DHR bimodules of quasi-local algebras and symmetric quantum cellular automata

Abstract

For a net of C*-algebras on a discrete metric space, we introduce a bimodule version of the DHR tensor category and show that it is an invariant of quasi-local algebras under isomorphisms with bounded spread. For abstract spin systems on a lattice $L\subseteq {\mathbb{R}}^n$ satisfying a weak version of Haag duality, we construct a braiding on these categories.
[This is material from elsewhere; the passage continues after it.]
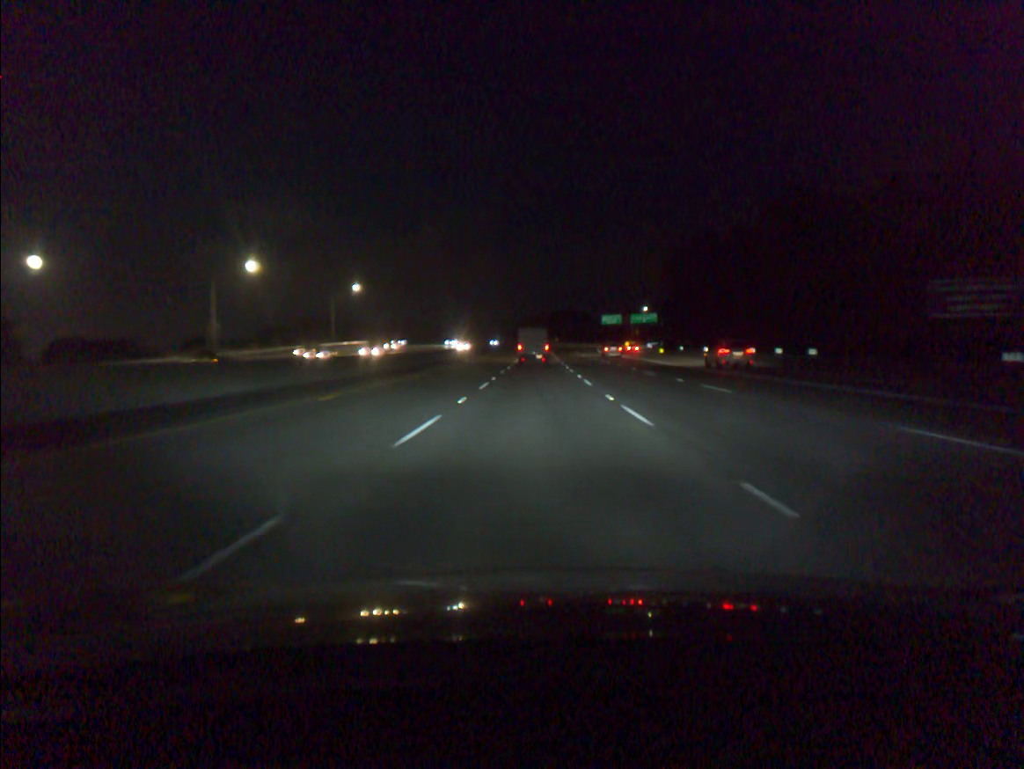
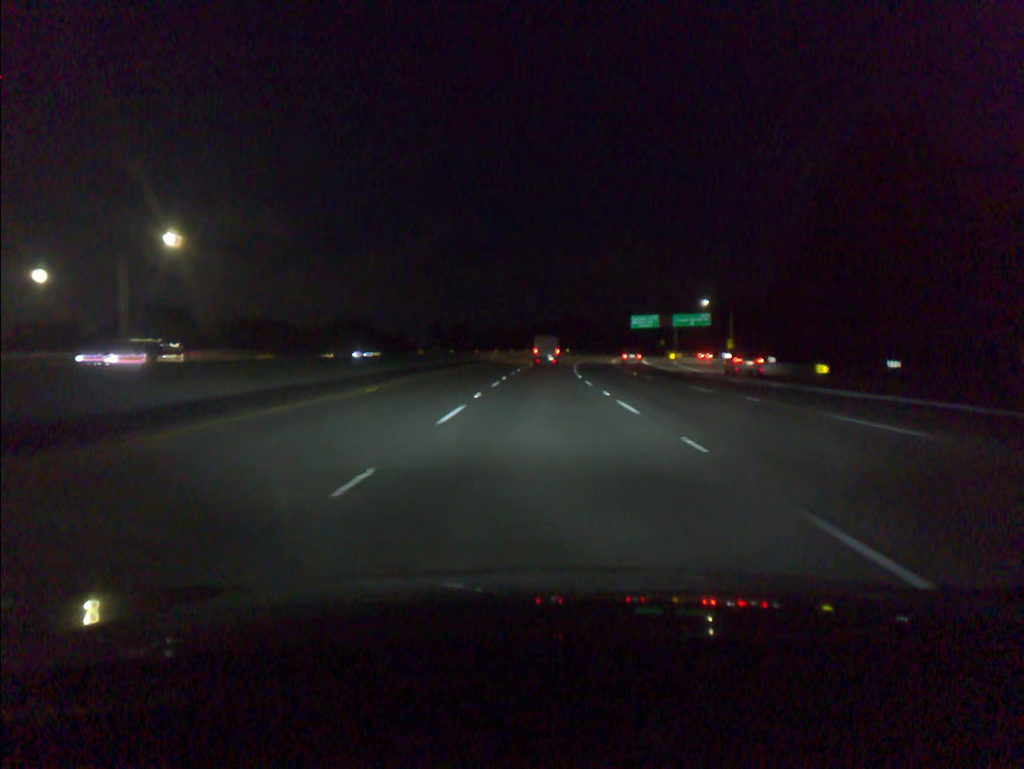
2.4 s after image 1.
(-0.2, +68.2) m; 0°
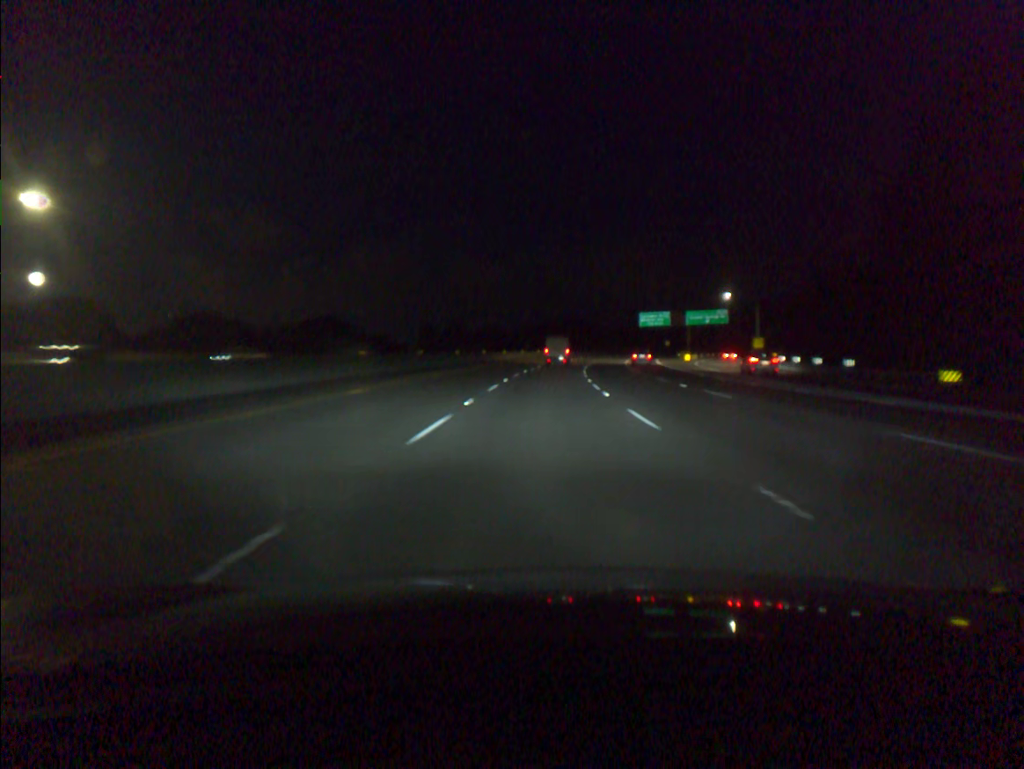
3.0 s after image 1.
(0.0, +17.0) m; 0°

Applying the general theory to quasi-local algebras $A$ of operators on a lattice invariant under a (categorical) symmetry, we obtain a homomorphism from the group of symmetric QCA to ${\mathbf{Aut}}_{\mathrm{br}}(\mathbf{DHR}(A))$, containing symmetric finite-depth circuits in the kernel. For a spin chain with fusion categorical symmetry $\mathcal{D}$, we show that the DHR category of the quasi-local algebra of symmetric operators is equivalent to the Drinfeld center $\mathcal{Z}(\mathcal{D})$. We use this to show that, for the double spin-flip action $\mathbb{Z}/2\mathbb{Z}\times \mathbb{Z}/2\mathbb{Z}\curvearrowright {\mathbb{C}}^2\otimes {\mathbb{C}}^2$, the group of symmetric QCA modulo symmetric finite-depth circuits in 1D contains a copy of $S_3$; hence, it is non-abelian, in contrast to the case with no symmetry.